Repercussions Of Demand Shift
While we’re busy calculating the demand lift due to promotions, the silent shift in demand often goes unnoticed. Well, my fellow retailers, it’s not just a minor hiccup—it’s a disruptive force.
In the study by Van Heerde et al., it’s a tale of two stores: one offering a tantalizing price promotion, and the other, well, just doing its regular thing. Imagine the suspense!
For the peanut butter enthusiasts (yes, that’s a thing), the findings are like music notes in a symphony. There are cross-brand effects (43% shift in secondary demand), cross-period effects (24% shift due to primary demand borrowed from other time periods), and category expansion (33% shift due to market expansion and cross-store effects).
What does this mean for Retailers?
It means shelves groaning under the weight of aging stock, margins doing a disappearing act, and, in some cases, products reaching their expiration date in bulk. Talk about post-holiday blues lingering like an unwelcome guest into the next year.

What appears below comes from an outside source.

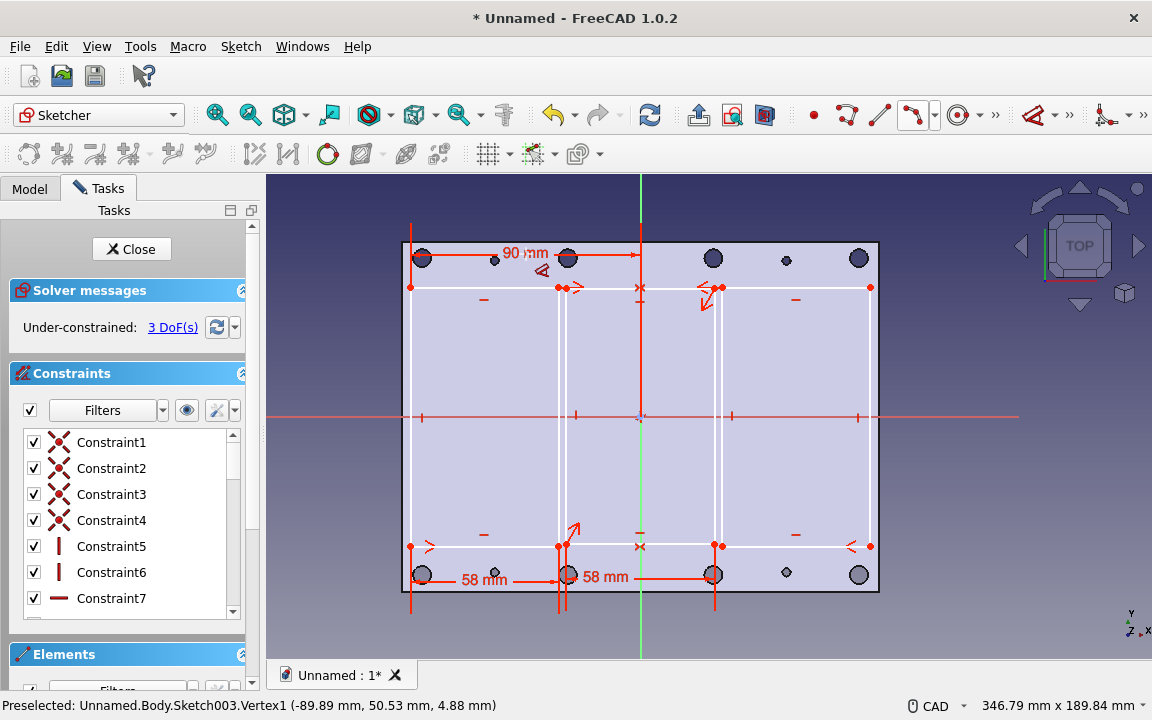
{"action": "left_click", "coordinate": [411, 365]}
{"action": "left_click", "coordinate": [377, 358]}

It’s time to take off the rose-tinted glasses and acknowledge the ripple effect of in-store cannibalization.
AI’s Carol For Retail Success
Fear not, weary retailers, for there’s a solution to tame the cannibal Grinch! The key lies in a symphony of demand forecasting and replenishment frameworks that not only capture the demand “LIFTS” but also dance to the tune of demand “SHIFTS” caused by promotions.

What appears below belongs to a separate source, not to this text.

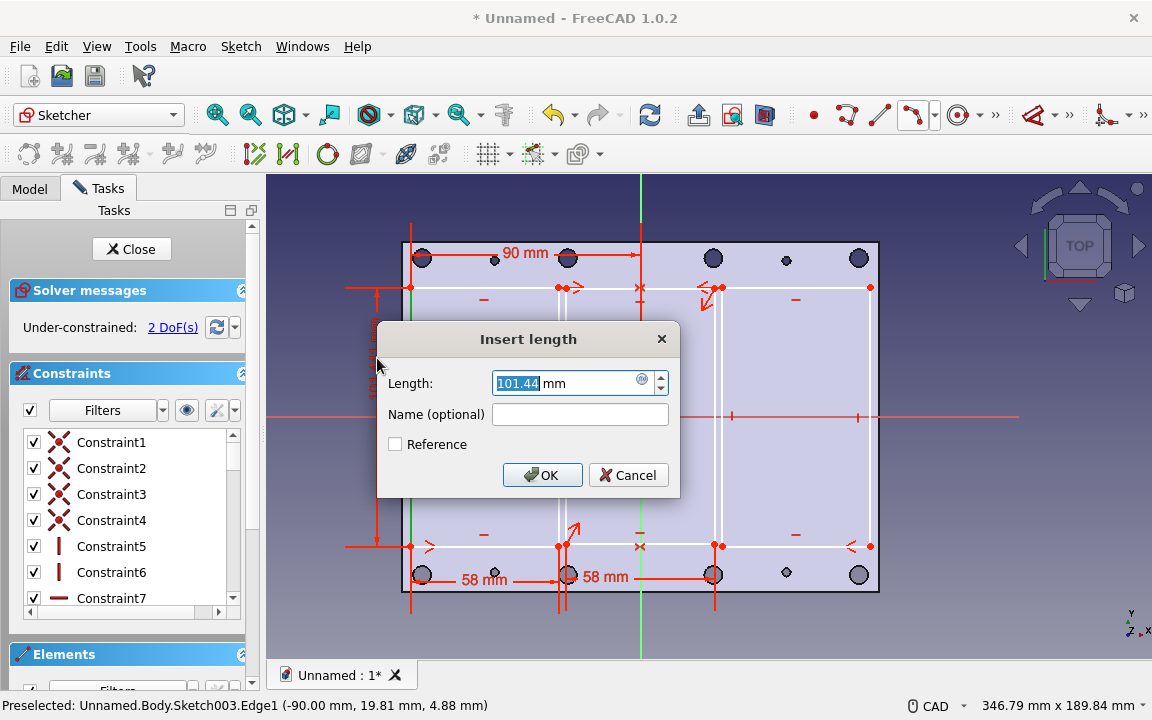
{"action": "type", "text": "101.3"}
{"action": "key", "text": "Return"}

Picture this: a symphony of algorithms orchestrating a flawless forecasting and replenishment framework that not only predicts the future but does so with a keen awareness of cannibalization effects.
AI, with its prowess in data analysis and pattern recognition, transforms the art of prediction into a science. By sifting through mountains of historical sales data, weather patterns, social trends, and even the subtle nuances of consumer behavior, AI paints a vivid picture of what lies ahead. But what sets it apart in the realm of cannibalization is its ability to dissect the intricate relationships between products.
Traditional forecasting models often struggle to capture these nuanced interactions. AI, however, navigates this labyrinth effortlessly. Through advanced machine learning techniques, it identifies not only the direct impact of one product on another but also the ripple effects that resonate through the entire inventory.
Moreover, its ability to optimize order schedule based on supply chain constraints such as lead time, minimum order quantity, order frequency etc. as well as category factors such as expiration dates, and shelf life at a granular level clearly sets it apart from the traditional approach.
Achieve lean inventory, reduce out-of-stocks and food wastage by algorithmically optimizing your replenishment with 1-click intelligent replenishment.
Future-proofing Your Retail Game
What makes this framework future-proof is the adaptability of AI. It doesn’t just learn from historical data; it evolves with the changing landscape of consumer preferences and market dynamics.
Moreover, AI is rooted in its ability to handle complexity. Traditional methods might falter when faced with a myriad of variables, but AI thrives in complexity. The more data it has, the better it becomes at untangling the web of relationships within a product portfolio.
Imagine a world where your supply chain processes are aligned not just for individual products but for the entire product class. It’s a harmonious dance where each product complements the other, ensuring that post-holiday blues are replaced with a festive glow of success.
So, as you gear up for the seasonal planning extravaganza, remember the AI carol that sings the tune of demand shifts and lifts. Let it be your guiding star through the retail holiday galaxy, ensuring that jingle bells are heard, not the knells of cannibalization.
Happy seasonal planning, and may your shelves be merry and bright!